REPUBLIKA.CO.ID, PADANG -- Perekonomian Sumatera masih bergantung pada Sumber Daya Alam (SDA). Nyaris seluruh provinsi di pulau ini mengandalkan komoditas yang "dipanen" dari permukaan bumi atau dalam bumi, seperti migas, minyak kelapa sawit (CPO), hingga karet untuk diekspor. Gubernur Sumatra Barat Irwan Prayitno melihat bahwa kondisi ini memaksa Sumatera untuk membangun lebih banyak industri hilir.
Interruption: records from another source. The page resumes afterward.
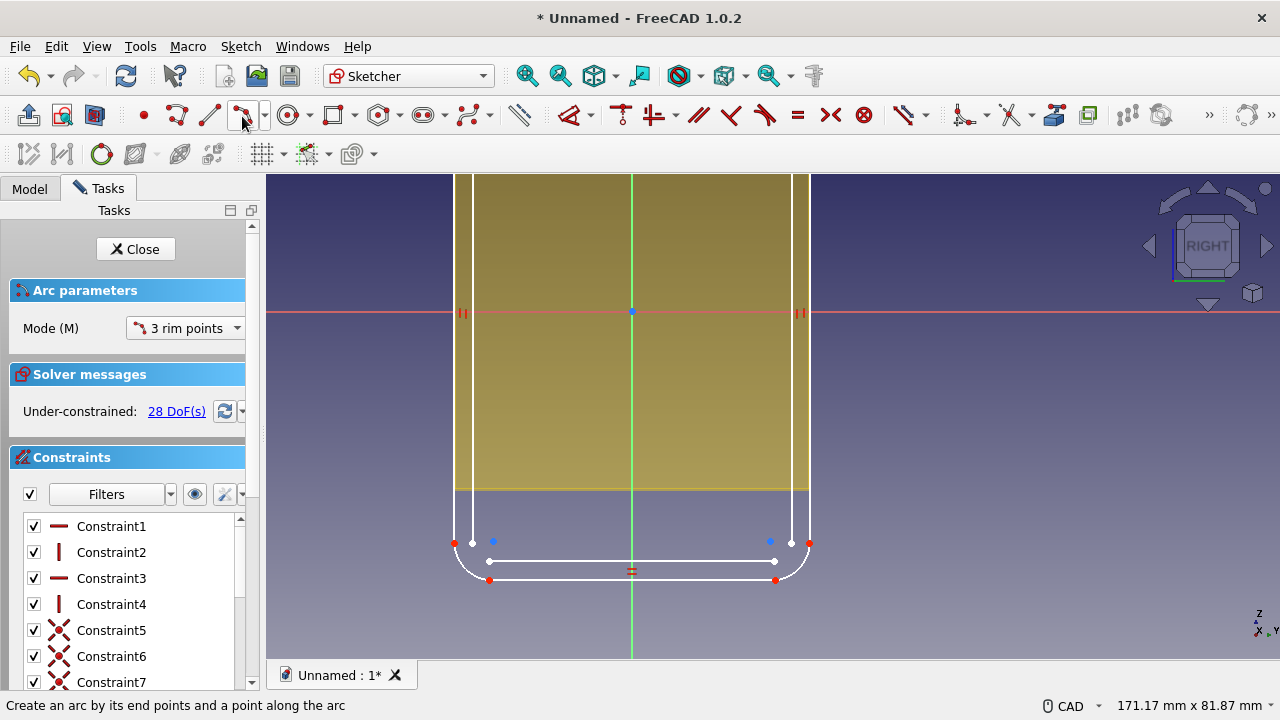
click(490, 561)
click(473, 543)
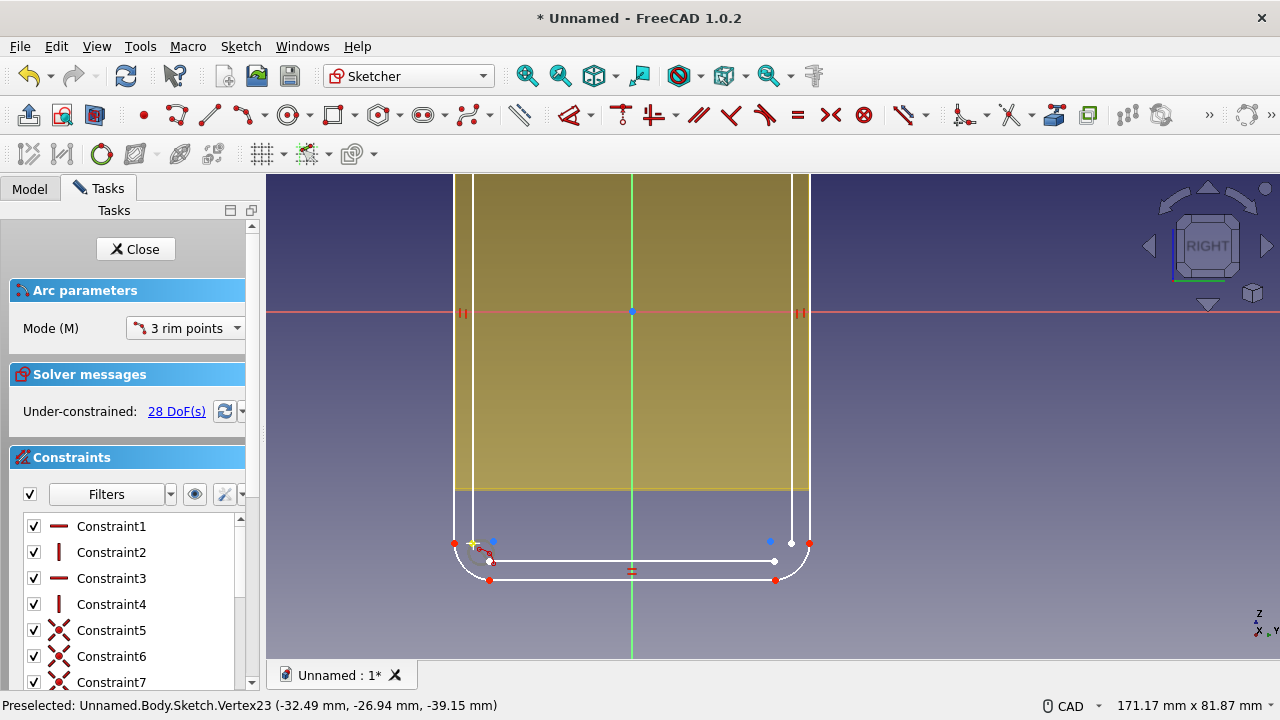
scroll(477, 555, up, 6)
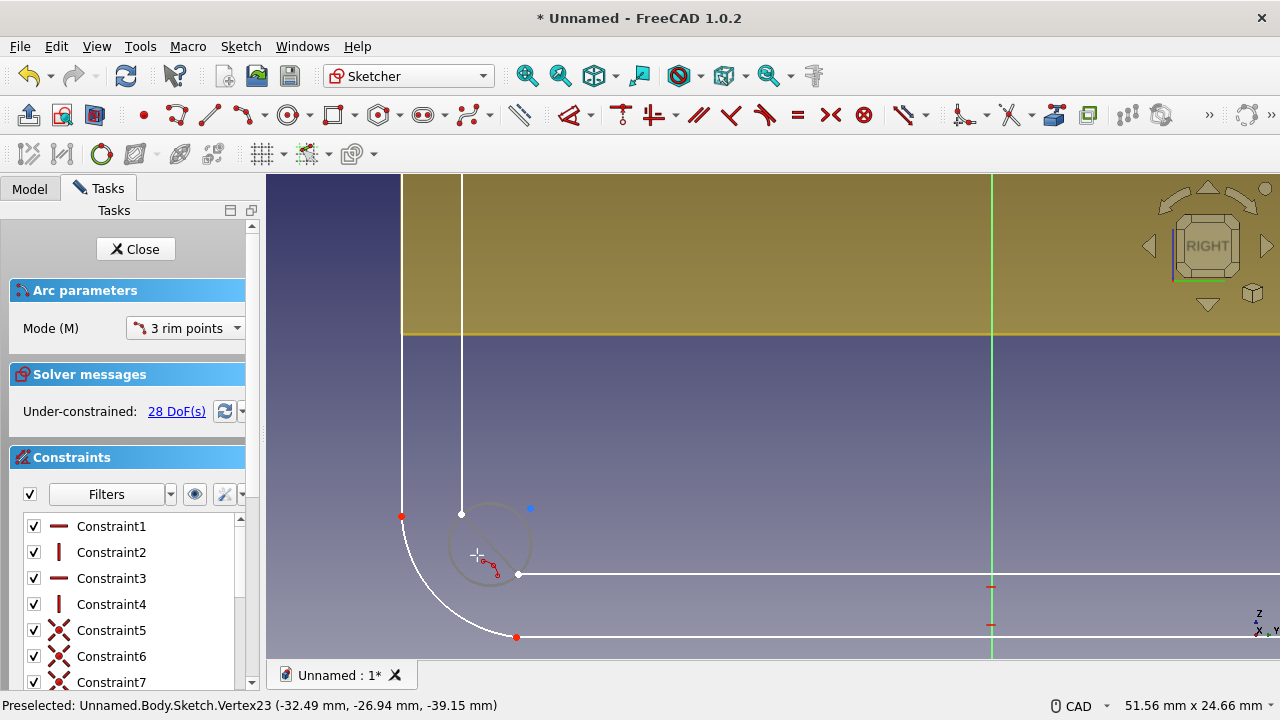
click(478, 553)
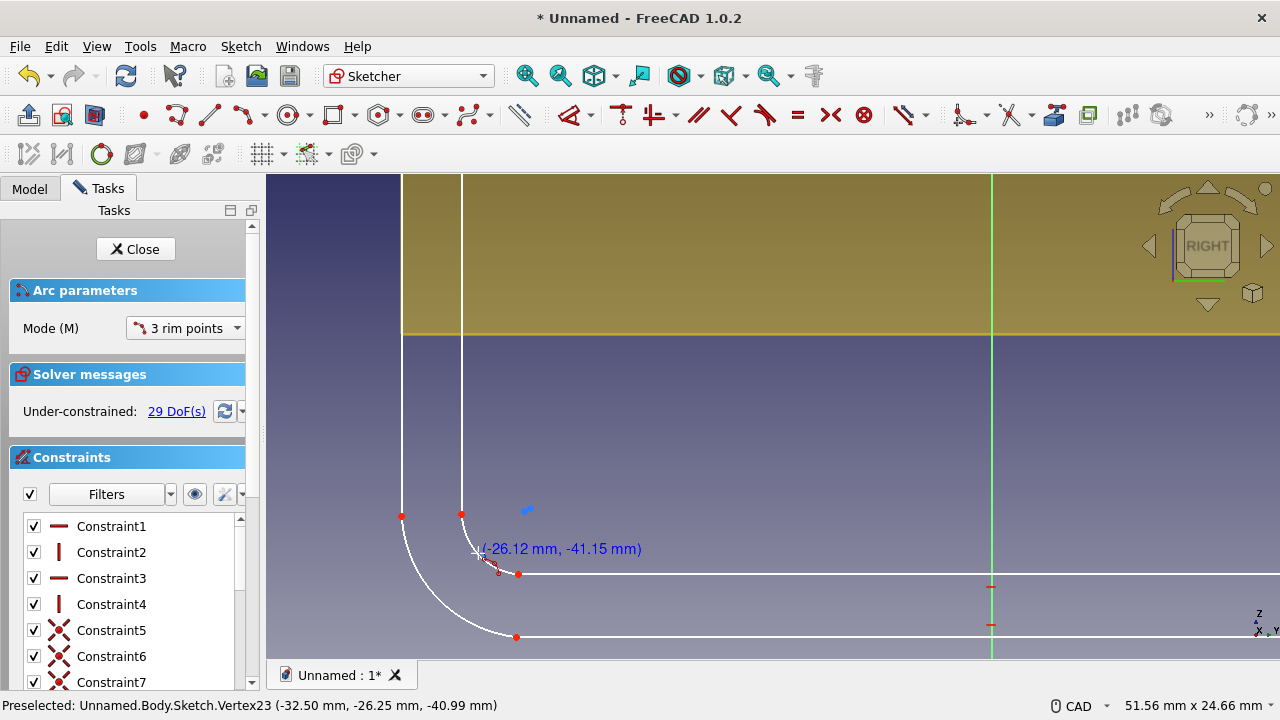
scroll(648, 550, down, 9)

Khusus untuk industri pengolahan hasil perkebunan, Irwan bahkan mengajak seluruh pimpinan provinsi di Sumatera untuk merumuskan perluasan industri hilir. Ekspor CPO dan karet, ujar Irwan, adalah bentuk nyata bahwa Sumatera lebih banyak mengekspor produk mentah dibanding produk olahan atau jadi.
"Untuk itu, perlunya kita bentuk satu tempat pengolahan industri perkebunan di daerah masing-masing. Kita cari investor. Hasil kebun kita banyak yang diekspor, mereka olah, dan kita beli lagi harganya pasti sudah sangat tinggi," ujarnya saat Rapat Koordinasi dengan Gubernur se-Sumatera, Kamis (22/11).
Irwan meminta setiap provinsi untuk memetakan industri hilir seperti apa yang memungkinkan untuk dibangun. Keberadaan industri hilir yang mampu menyerap produk mentah diharapkan bisa meningkatkan harga jual di level petani. Irwan berkaca pada produk CPO dan karet yang tak kunjung pulih sejak harganya melemah tiga tahun terakhir.
"Punya pengolahan sendiri. Pasti harga kita yang tentukan, dan itu tidak akan merugikan. Namun, jika kita jual itupun tergantung mereka yang beli dari segi harga. Jika kita beli kembali hasilnya telah diolah mereka pasti telah dipatok harganya," katanya.